SModelS ulcomputer.getUpperLimitOnMu() and MadStats stat_model.computeUpperLimitOnMu() functions do not give exactly the same results. So far the maximum difference I found between the two outputs was around 3%, but it is possible that for other models it becomes larger. (The CLs seem to always be the same on the other hand.)

To Reproduce

import json, jsonpatch, pyhf, madstats, copy
from smodels.tools.srCombinations import _getPyhfComputer
from smodels.experiment.databaseObj import Database
from smodels.experiment.datasetObj import CombinedDataSet

### SModelS

db = Database('./smodels-database')
expResult = db.getExpResults(analysisIDs=['ATLAS-SUSY-2019-08'],dataTypes=['efficiencyMap'])[0]
combinedDataset = CombinedDataSet(expResult)
nsig = [0.64171013584248, 0.20151994828896, 0.36729875457036, 2.12157276118776, 2.4906940927291803, 2.2180703508504, 1.0707552361033201, 2.1970845124999197, 3.5842286295059407]
ulcomputer = _getPyhfComputer(combinedDataset, nsig)

patch = [{'op': 'add', 'path': '/channels/5/samples/0', 'value': {'data': [0.04308822678442124, 0.013531245259294129, 0.02466261813643536], 'modifiers': [{'data': None, 'type': 'normfactor', 'name': 'mu_SIG'}, {'data': None, 'type': 'lumi', 'name': 'lumi'}], 'name': 'bsm'}}, {'op': 'add', 'path': '/channels/6/samples/0', 'value': {'data': [0.14245498577592744, 0.16723998254638267, 0.14893440661610954], 'modifiers': [{'data': None, 'type': 'normfactor', 'name': 'mu_SIG'}, {'data': None, 'type': 'lumi', 'name': 'lumi'}], 'name': 'bsm'}}, {'op': 'add', 'path': '/channels/7/samples/0', 'value': {'data': [0.0718968610075867, 0.1475252928876509, 0.24066638098619197], 'modifiers': [{'data': None, 'type': 'normfactor', 'name': 'mu_SIG'}, {'data': None, 'type': 'lumi', 'name': 'lumi'}], 'name': 'bsm'}}]

with open("smodels/tim_db/13TeV/ATLAS/ATLAS-SUSY-2019-08-eff/BkgOnly.json","r") as f:
    jsonFile = copy.deepcopy(json.load(f))
f.close()

wsDict = jsonpatch.apply_patch(jsonFile, patch)
workspace = pyhf.Workspace(wsDict)

msettings = {
    "normsys": {"interpcode": "code4"},
    "histosys": {"interpcode": "code4p"},
}

model = workspace.model(modifier_settings=msettings)

args = {"test_stat":"qtilde"}

muUL_pyhfOnly = ulcomputer.getUpperLimitOnMu()

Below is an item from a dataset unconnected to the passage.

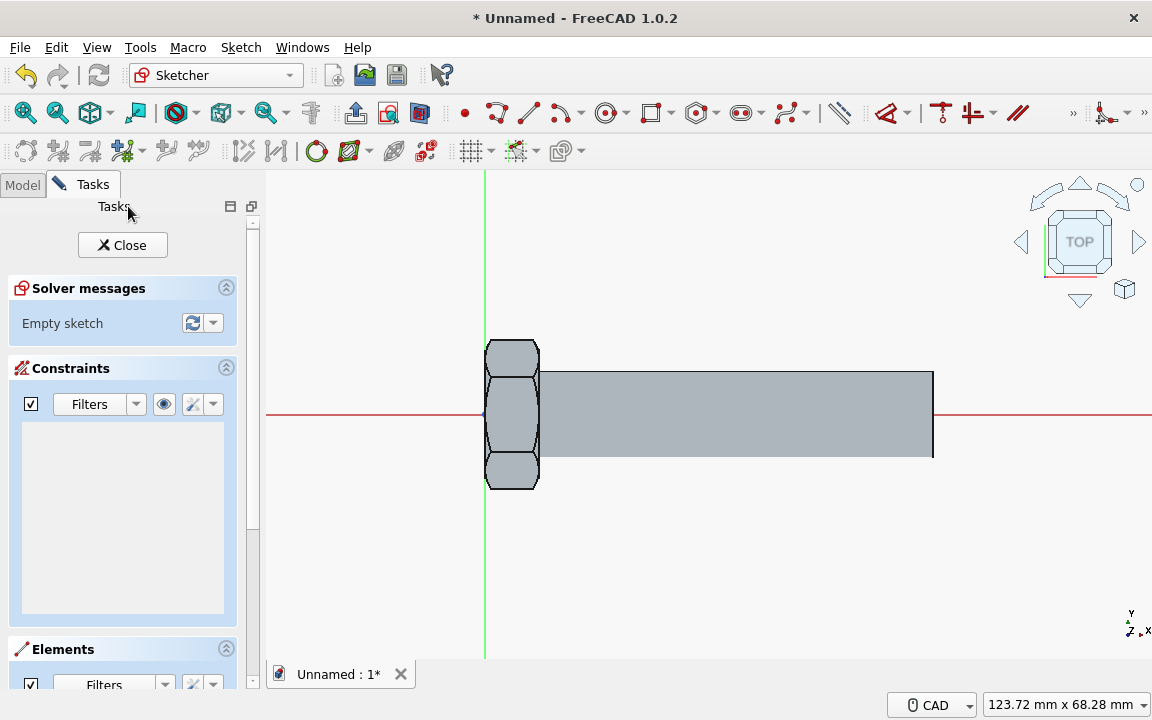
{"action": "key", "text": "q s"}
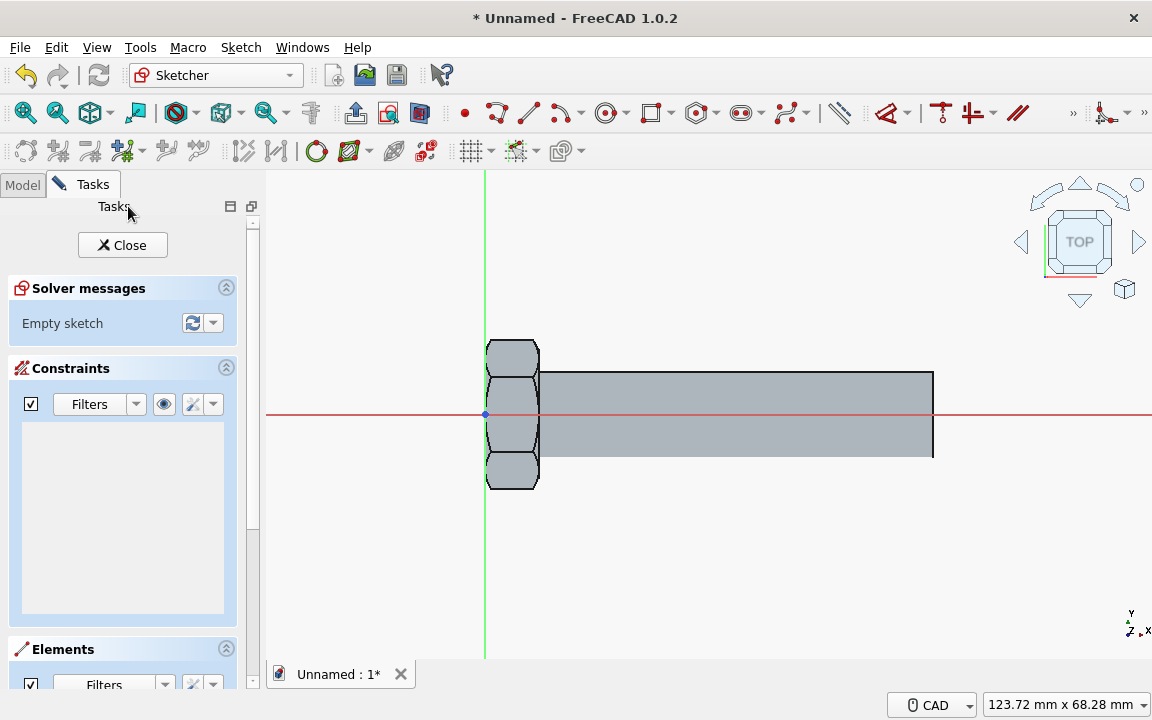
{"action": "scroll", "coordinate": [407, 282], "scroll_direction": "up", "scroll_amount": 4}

print("Pyhf only, muUL:",muUL_pyhfOnly)

### MadStats

signal = patch
background = jsonFile

xsec = 7.19E-03 #fb

stat_model = madstats.get_multi_region_statistical_model(
    analysis="atlas_susy_2019_08",
    signal=signal,
    background=background,
    xsection=xsec*0.001
)

MS_muUL = stat_model.computeUpperLimitOnMu()
print(f"Upper limit on POI : {MS_muUL}")

print("Difference on muUL:",(muUL_pyhfOnly-MS_muUL)*100/muUL_pyhfOnly,"%")

Expected behaviour

Same results from the two outputs.

Additional information

The patch and the signal yields were computed with SModelS (using the TChiWH_350_180_350_180.slha file) and I cannot attach it due to its file type. Same for the background only statistical model of the analysis (ATLAS-SUSY-2019-08).

jackaraz commented 1 year ago

Hi @APMDSLHC, could you look into the source of the difference? like $\hat{\mu},\ \min(-\log\mathcal{L})$ etc. If these are the same it might be the brenq.

jackaraz commented 1 year ago

Hi @APMDSLHC, please note that with the last updates, you will get different values for $\mu_{UL}$ between SModelS and MadStats. The legacy code used the wrong $CL_s$ values for expected statistical testing. Now we have three distinct expectation types, unified throughout all the backends, and each has well-defined differences.